■ **DATASET RECORDS**:
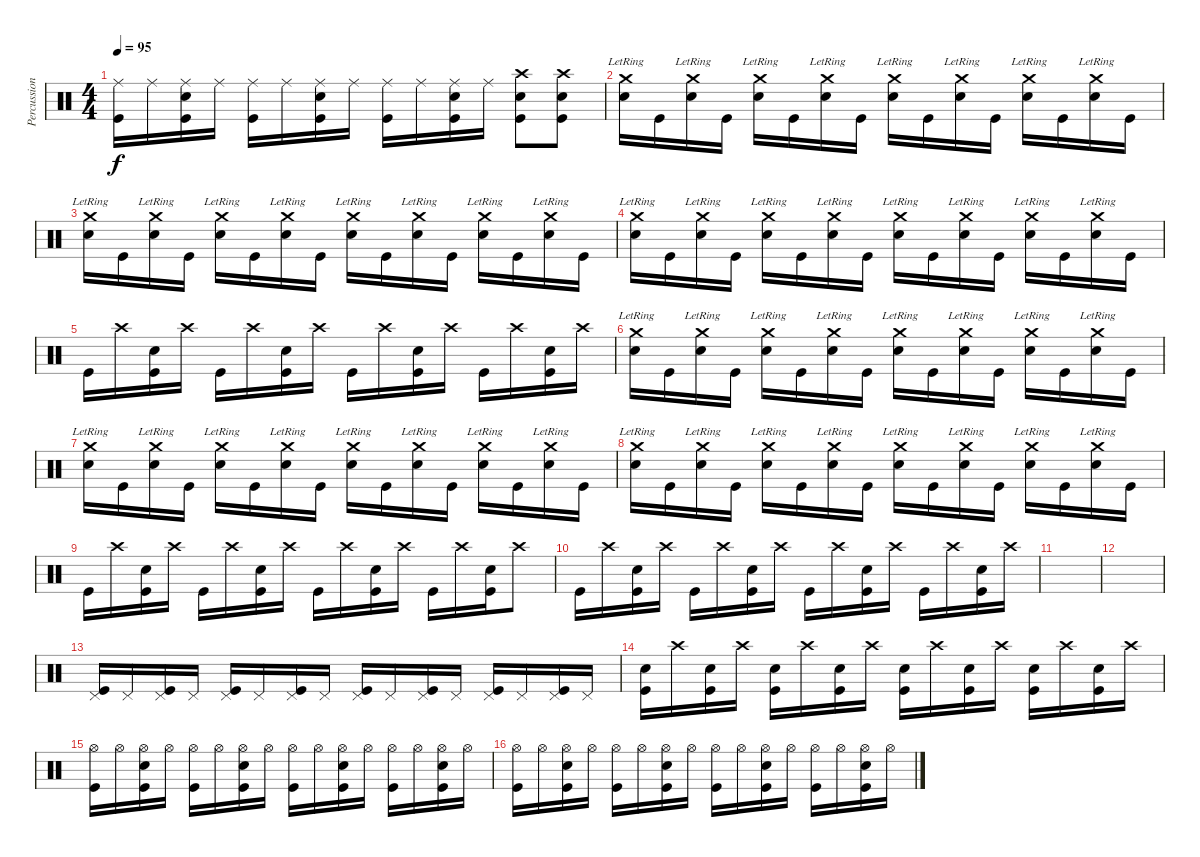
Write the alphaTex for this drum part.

\track ("Percussion" "Percussion") {instrument percussion}
\staff {score}
\articulation defaults
\ts (4 4)
\tempo 95
\clef neutral
\ks c
("Ride (middle)" "Kick (hit)").16{dy f} "Ride (middle)".16 ("Ride (middle)" "Snare (hit) 2" "Kick (hit)").16 "Ride (middle)".16 ("Ride (middle)" "Kick (hit)").16 "Ride (middle)".16 ("Ride (middle)" "Snare (hit) 2" "Kick (hit)").16 "Ride (middle)".16 ("Ride (middle)" "Kick (hit)").16 "Ride (middle)".16 ("Ride (middle)" "Snare (hit) 2" "Kick (hit)").16 "Ride (middle)".16 ("Crash high (hit)" "Snare (hit) 2" "Kick (hit)").8 ("Crash high (hit)" "Snare (hit) 2" "Kick (hit)").8 |
("Crash medium (hit)"{lr} "Snare (hit) 2").16 "Kick (hit)".16 ("Crash medium (hit)"{lr} "Snare (hit) 2").16 "Kick (hit)".16 ("Crash medium (hit)"{lr} "Snare (hit) 2").16 "Kick (hit)".16 ("Crash medium (hit)"{lr} "Snare (hit) 2").16 "Kick (hit)".16 ("Crash medium (hit)"{lr} "Snare (hit) 2").16 "Kick (hit)".16 ("Crash medium (hit)"{lr} "Snare (hit) 2").16 "Kick (hit)".16 ("Crash medium (hit)"{lr} "Snare (hit) 2").16 "Kick (hit)".16 ("Crash medium (hit)"{lr} "Snare (hit) 2").16 "Kick (hit)".16 |
("Crash medium (hit)"{lr} "Snare (hit) 2").16 "Kick (hit)".16 ("Crash medium (hit)"{lr} "Snare (hit) 2").16 "Kick (hit)".16 ("Crash medium (hit)"{lr} "Snare (hit) 2").16 "Kick (hit)".16 ("Crash medium (hit)"{lr} "Snare (hit) 2").16 "Kick (hit)".16 ("Crash medium (hit)"{lr} "Snare (hit) 2").16 "Kick (hit)".16 ("Crash medium (hit)"{lr} "Snare (hit) 2").16 "Kick (hit)".16 ("Crash medium (hit)"{lr} "Snare (hit) 2").16 "Kick (hit)".16 ("Crash medium (hit)"{lr} "Snare (hit) 2").16 "Kick (hit)".16 |
("Crash medium (hit)"{lr} "Snare (hit) 2").16 "Kick (hit)".16 ("Crash medium (hit)"{lr} "Snare (hit) 2").16 "Kick (hit)".16 ("Crash medium (hit)"{lr} "Snare (hit) 2").16 "Kick (hit)".16 ("Crash medium (hit)"{lr} "Snare (hit) 2").16 "Kick (hit)".16 ("Crash medium (hit)"{lr} "Snare (hit) 2").16 "Kick (hit)".16 ("Crash medium (hit)"{lr} "Snare (hit) 2").16 "Kick (hit)".16 ("Crash medium (hit)"{lr} "Snare (hit) 2").16 "Kick (hit)".16 ("Crash medium (hit)"{lr} "Snare (hit) 2").16 "Kick (hit)".16 |
"Kick (hit)".16 "Crash high (hit)".16 ("Snare (hit) 2" "Kick (hit)").16 "Crash high (hit)".16 "Kick (hit)".16 "Crash high (hit)".16 ("Snare (hit) 2" "Kick (hit)").16 "Crash high (hit)".16 "Kick (hit)".16 "Crash high (hit)".16 ("Snare (hit) 2" "Kick (hit)").16 "Crash high (hit)".16 "Kick (hit)".16 "Crash high (hit)".16 ("Snare (hit) 2" "Kick (hit)").16 "Crash high (hit)".16 |
("Crash medium (hit)"{lr} "Snare (hit) 2").16 "Kick (hit)".16 ("Crash medium (hit)"{lr} "Snare (hit) 2").16 "Kick (hit)".16 ("Crash medium (hit)"{lr} "Snare (hit) 2").16 "Kick (hit)".16 ("Crash medium (hit)"{lr} "Snare (hit) 2").16 "Kick (hit)".16 ("Crash medium (hit)"{lr} "Snare (hit) 2").16 "Kick (hit)".16 ("Crash medium (hit)"{lr} "Snare (hit) 2").16 "Kick (hit)".16 ("Crash medium (hit)"{lr} "Snare (hit) 2").16 "Kick (hit)".16 ("Crash medium (hit)"{lr} "Snare (hit) 2").16 "Kick (hit)".16 |
("Crash medium (hit)"{lr} "Snare (hit) 2").16 "Kick (hit)".16 ("Crash medium (hit)"{lr} "Snare (hit) 2").16 "Kick (hit)".16 ("Crash medium (hit)"{lr} "Snare (hit) 2").16 "Kick (hit)".16 ("Crash medium (hit)"{lr} "Snare (hit) 2").16 "Kick (hit)".16 ("Crash medium (hit)"{lr} "Snare (hit) 2").16 "Kick (hit)".16 ("Crash medium (hit)"{lr} "Snare (hit) 2").16 "Kick (hit)".16 ("Crash medium (hit)"{lr} "Snare (hit) 2").16 "Kick (hit)".16 ("Crash medium (hit)"{lr} "Snare (hit) 2").16 "Kick (hit)".16 |
("Crash medium (hit)"{lr} "Snare (hit) 2").16 "Kick (hit)".16 ("Crash medium (hit)"{lr} "Snare (hit) 2").16 "Kick (hit)".16 ("Crash medium (hit)"{lr} "Snare (hit) 2").16 "Kick (hit)".16 ("Crash medium (hit)"{lr} "Snare (hit) 2").16 "Kick (hit)".16 ("Crash medium (hit)"{lr} "Snare (hit) 2").16 "Kick (hit)".16 ("Crash medium (hit)"{lr} "Snare (hit) 2").16 "Kick (hit)".16 ("Crash medium (hit)"{lr} "Snare (hit) 2").16 "Kick (hit)".16 ("Crash medium (hit)"{lr} "Snare (hit) 2").16 "Kick (hit)".16 |
"Kick (hit)".16 "Crash high (hit)".16 ("Snare (hit) 2" "Kick (hit)").16 "Crash high (hit)".16 "Kick (hit)".16 "Crash high (hit)".16 ("Snare (hit) 2" "Kick (hit)").16 "Crash high (hit)".16 "Kick (hit)".16 "Crash high (hit)".16 ("Snare (hit) 2" "Kick (hit)").16 "Crash high (hit)".16 "Kick (hit)".16 "Crash high (hit)".16 ("Snare (hit) 2" "Kick (hit)").16 "Crash high (hit)".8 |
"Kick (hit)".16 "Crash high (hit)".16 ("Snare (hit) 2" "Kick (hit)").16 "Crash high (hit)".16 "Kick (hit)".16 "Crash high (hit)".16 ("Snare (hit) 2" "Kick (hit)").16 "Crash high (hit)".16 "Kick (hit)".16 "Crash high (hit)".16 ("Snare (hit) 2" "Kick (hit)").16 "Crash high (hit)".16 "Kick (hit)".16 "Crash high (hit)".16 ("Snare (hit) 2" "Kick (hit)").16 "Crash high (hit)".16 |
|
|
("Pedal Hi-Hat (hit)" "Kick (hit)").16 "Pedal Hi-Hat (hit)".16 ("Pedal Hi-Hat (hit)" "Kick (hit)").16 "Pedal Hi-Hat (hit)".16 ("Pedal Hi-Hat (hit)" "Kick (hit)").16 "Pedal Hi-Hat (hit)".16 ("Pedal Hi-Hat (hit)" "Kick (hit)").16 "Pedal Hi-Hat (hit)".16 ("Pedal Hi-Hat (hit)" "Kick (hit)").16 "Pedal Hi-Hat (hit)".16 ("Pedal Hi-Hat (hit)" "Kick (hit)").16 "Pedal Hi-Hat (hit)".16 ("Pedal Hi-Hat (hit)" "Kick (hit)").16 "Pedal Hi-Hat (hit)".16 ("Pedal Hi-Hat (hit)" "Kick (hit)").16 "Pedal Hi-Hat (hit)".16 |
("Kick (hit)" "Snare (hit) 2").16 "Crash high (hit)".16 ("Kick (hit)" "Snare (hit) 2").16 "Crash high (hit)".16 ("Kick (hit)" "Snare (hit) 2").16 "Crash high (hit)".16 ("Kick (hit)" "Snare (hit) 2").16 "Crash high (hit)".16 ("Kick (hit)" "Snare (hit) 2").16 "Crash high (hit)".16 ("Kick (hit)" "Snare (hit) 2").16 "Crash high (hit)".16 ("Kick (hit)" "Snare (hit) 2").16 "Crash high (hit)".16 ("Kick (hit)" "Snare (hit) 2").16 "Crash high (hit)".16 |
("Hi-Hat (open)" "Kick (hit)").16 "Hi-Hat (open)".16 ("Hi-Hat (open)" "Snare (hit) 2" "Kick (hit)").16 "Hi-Hat (open)".16 ("Hi-Hat (open)" "Kick (hit)").16 "Hi-Hat (open)".16 ("Hi-Hat (open)" "Snare (hit) 2" "Kick (hit)").16 "Hi-Hat (open)".16 ("Hi-Hat (open)" "Kick (hit)").16 "Hi-Hat (open)".16 ("Hi-Hat (open)" "Snare (hit) 2" "Kick (hit)").16 "Hi-Hat (open)".16 ("Hi-Hat (open)" "Kick (hit)").16 "Hi-Hat (open)".16 ("Hi-Hat (open)" "Snare (hit) 2" "Kick (hit)").16 "Hi-Hat (open)".16 |
("Hi-Hat (open)" "Kick (hit)").16 "Hi-Hat (open)".16 ("Hi-Hat (open)" "Snare (hit) 2" "Kick (hit)").16 "Hi-Hat (open)".16 ("Hi-Hat (open)" "Kick (hit)").16 "Hi-Hat (open)".16 ("Hi-Hat (open)" "Snare (hit) 2" "Kick (hit)").16 "Hi-Hat (open)".16 ("Hi-Hat (open)" "Kick (hit)").16 "Hi-Hat (open)".16 ("Hi-Hat (open)" "Snare (hit) 2" "Kick (hit)").16 "Hi-Hat (open)".16 ("Hi-Hat (open)" "Kick (hit)").16 "Hi-Hat (open)".16 ("Hi-Hat (open)" "Snare (hit) 2" "Kick (hit)").16 "Hi-Hat (open)".16
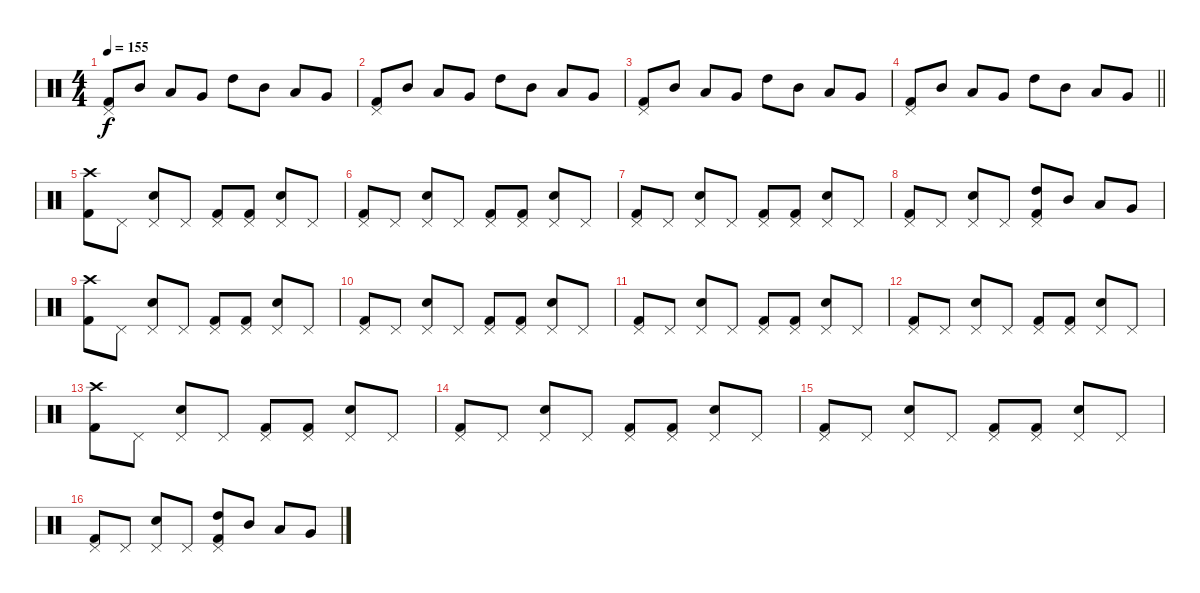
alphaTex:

\track "" {instrument percussion}
\staff {score}
\articulation defaults
\ts (4 4)
\tempo 155
\clef neutral
\ks c
("Pedal Hi-Hat (hit)" "Kick (hit) 2").8{dy f} "Mid Tom (hit)".8 "Low Tom (hit)".8 "Very Low Tom (hit)".8 "High Tom (hit)".8 "Mid Tom (hit)".8 "Low Tom (hit)".8 "Very Low Tom (hit)".8 |
("Pedal Hi-Hat (hit)" "Kick (hit) 2").8 "Mid Tom (hit)".8 "Low Tom (hit)".8 "Very Low Tom (hit)".8 "High Tom (hit)".8 "Mid Tom (hit)".8 "Low Tom (hit)".8 "Very Low Tom (hit)".8 |
("Pedal Hi-Hat (hit)" "Kick (hit) 2").8 "Mid Tom (hit)".8 "Low Tom (hit)".8 "Very Low Tom (hit)".8 "High Tom (hit)".8 "Mid Tom (hit)".8 "Low Tom (hit)".8 "Very Low Tom (hit)".8 |
\barLineRight lightlight
("Pedal Hi-Hat (hit)" "Kick (hit) 2").8 "Mid Tom (hit)".8 "Low Tom (hit)".8 "Very Low Tom (hit)".8 "High Tom (hit)".8 "Mid Tom (hit)".8 "Low Tom (hit)".8 "Very Low Tom (hit)".8 |
\section ("" "")
("Crash high (hit)" "Kick (hit) 2").8 "Pedal Hi-Hat (hit)".8 ("Pedal Hi-Hat (hit)" "Electric Snare (hit)").8 "Pedal Hi-Hat (hit)".8 ("Pedal Hi-Hat (hit)" "Kick (hit) 2").8 ("Pedal Hi-Hat (hit)" "Kick (hit) 2").8 ("Pedal Hi-Hat (hit)" "Electric Snare (hit)").8 "Pedal Hi-Hat (hit)".8 |
("Pedal Hi-Hat (hit)" "Kick (hit) 2").8 "Pedal Hi-Hat (hit)".8 ("Pedal Hi-Hat (hit)" "Electric Snare (hit)").8 "Pedal Hi-Hat (hit)".8 ("Pedal Hi-Hat (hit)" "Kick (hit) 2").8 ("Pedal Hi-Hat (hit)" "Kick (hit) 2").8 ("Pedal Hi-Hat (hit)" "Electric Snare (hit)").8 "Pedal Hi-Hat (hit)".8 |
("Pedal Hi-Hat (hit)" "Kick (hit) 2").8 "Pedal Hi-Hat (hit)".8 ("Pedal Hi-Hat (hit)" "Electric Snare (hit)").8 "Pedal Hi-Hat (hit)".8 ("Pedal Hi-Hat (hit)" "Kick (hit) 2").8 ("Pedal Hi-Hat (hit)" "Kick (hit) 2").8 ("Pedal Hi-Hat (hit)" "Electric Snare (hit)").8 "Pedal Hi-Hat (hit)".8 |
("Pedal Hi-Hat (hit)" "Kick (hit) 2").8 "Pedal Hi-Hat (hit)".8 ("Pedal Hi-Hat (hit)" "Electric Snare (hit)").8 "Pedal Hi-Hat (hit)".8 ("Pedal Hi-Hat (hit)" "High Tom (hit)" "Kick (hit) 2").8 "Mid Tom (hit)".8 "Low Tom (hit)".8 "Very Low Tom (hit)".8 |
("Crash high (hit)" "Kick (hit) 2").8 "Pedal Hi-Hat (hit)".8 ("Pedal Hi-Hat (hit)" "Electric Snare (hit)").8 "Pedal Hi-Hat (hit)".8 ("Pedal Hi-Hat (hit)" "Kick (hit) 2").8 ("Pedal Hi-Hat (hit)" "Kick (hit) 2").8 ("Pedal Hi-Hat (hit)" "Electric Snare (hit)").8 "Pedal Hi-Hat (hit)".8 |
("Pedal Hi-Hat (hit)" "Kick (hit) 2").8 "Pedal Hi-Hat (hit)".8 ("Pedal Hi-Hat (hit)" "Electric Snare (hit)").8 "Pedal Hi-Hat (hit)".8 ("Pedal Hi-Hat (hit)" "Kick (hit) 2").8 ("Pedal Hi-Hat (hit)" "Kick (hit) 2").8 ("Pedal Hi-Hat (hit)" "Electric Snare (hit)").8 "Pedal Hi-Hat (hit)".8 |
("Pedal Hi-Hat (hit)" "Kick (hit) 2").8 "Pedal Hi-Hat (hit)".8 ("Pedal Hi-Hat (hit)" "Electric Snare (hit)").8 "Pedal Hi-Hat (hit)".8 ("Pedal Hi-Hat (hit)" "Kick (hit) 2").8 ("Pedal Hi-Hat (hit)" "Kick (hit) 2").8 ("Pedal Hi-Hat (hit)" "Electric Snare (hit)").8 "Pedal Hi-Hat (hit)".8 |
("Pedal Hi-Hat (hit)" "Kick (hit) 2").8 "Pedal Hi-Hat (hit)".8 ("Pedal Hi-Hat (hit)" "Electric Snare (hit)").8 "Pedal Hi-Hat (hit)".8 ("Pedal Hi-Hat (hit)" "Kick (hit) 2").8 ("Pedal Hi-Hat (hit)" "Kick (hit) 2").8 ("Pedal Hi-Hat (hit)" "Electric Snare (hit)").8 "Pedal Hi-Hat (hit)".8 |
("Crash high (hit)" "Kick (hit) 2").8 "Pedal Hi-Hat (hit)".8 ("Pedal Hi-Hat (hit)" "Electric Snare (hit)").8 "Pedal Hi-Hat (hit)".8 ("Pedal Hi-Hat (hit)" "Kick (hit) 2").8 ("Pedal Hi-Hat (hit)" "Kick (hit) 2").8 ("Pedal Hi-Hat (hit)" "Electric Snare (hit)").8 "Pedal Hi-Hat (hit)".8 |
("Pedal Hi-Hat (hit)" "Kick (hit) 2").8 "Pedal Hi-Hat (hit)".8 ("Pedal Hi-Hat (hit)" "Electric Snare (hit)").8 "Pedal Hi-Hat (hit)".8 ("Pedal Hi-Hat (hit)" "Kick (hit) 2").8 ("Pedal Hi-Hat (hit)" "Kick (hit) 2").8 ("Pedal Hi-Hat (hit)" "Electric Snare (hit)").8 "Pedal Hi-Hat (hit)".8 |
("Pedal Hi-Hat (hit)" "Kick (hit) 2").8 "Pedal Hi-Hat (hit)".8 ("Pedal Hi-Hat (hit)" "Electric Snare (hit)").8 "Pedal Hi-Hat (hit)".8 ("Pedal Hi-Hat (hit)" "Kick (hit) 2").8 ("Pedal Hi-Hat (hit)" "Kick (hit) 2").8 ("Pedal Hi-Hat (hit)" "Electric Snare (hit)").8 "Pedal Hi-Hat (hit)".8 |
("Pedal Hi-Hat (hit)" "Kick (hit) 2").8 "Pedal Hi-Hat (hit)".8 ("Pedal Hi-Hat (hit)" "Electric Snare (hit)").8 "Pedal Hi-Hat (hit)".8 ("Pedal Hi-Hat (hit)" "High Tom (hit)" "Kick (hit) 2").8 "Mid Tom (hit)".8 "Low Tom (hit)".8 "Very Low Tom (hit)".8

■ **EXERCISE PROMPT**: Reply with only the number of lines in the entries that hold the word "percussion".

■ **OUTPUT**: 2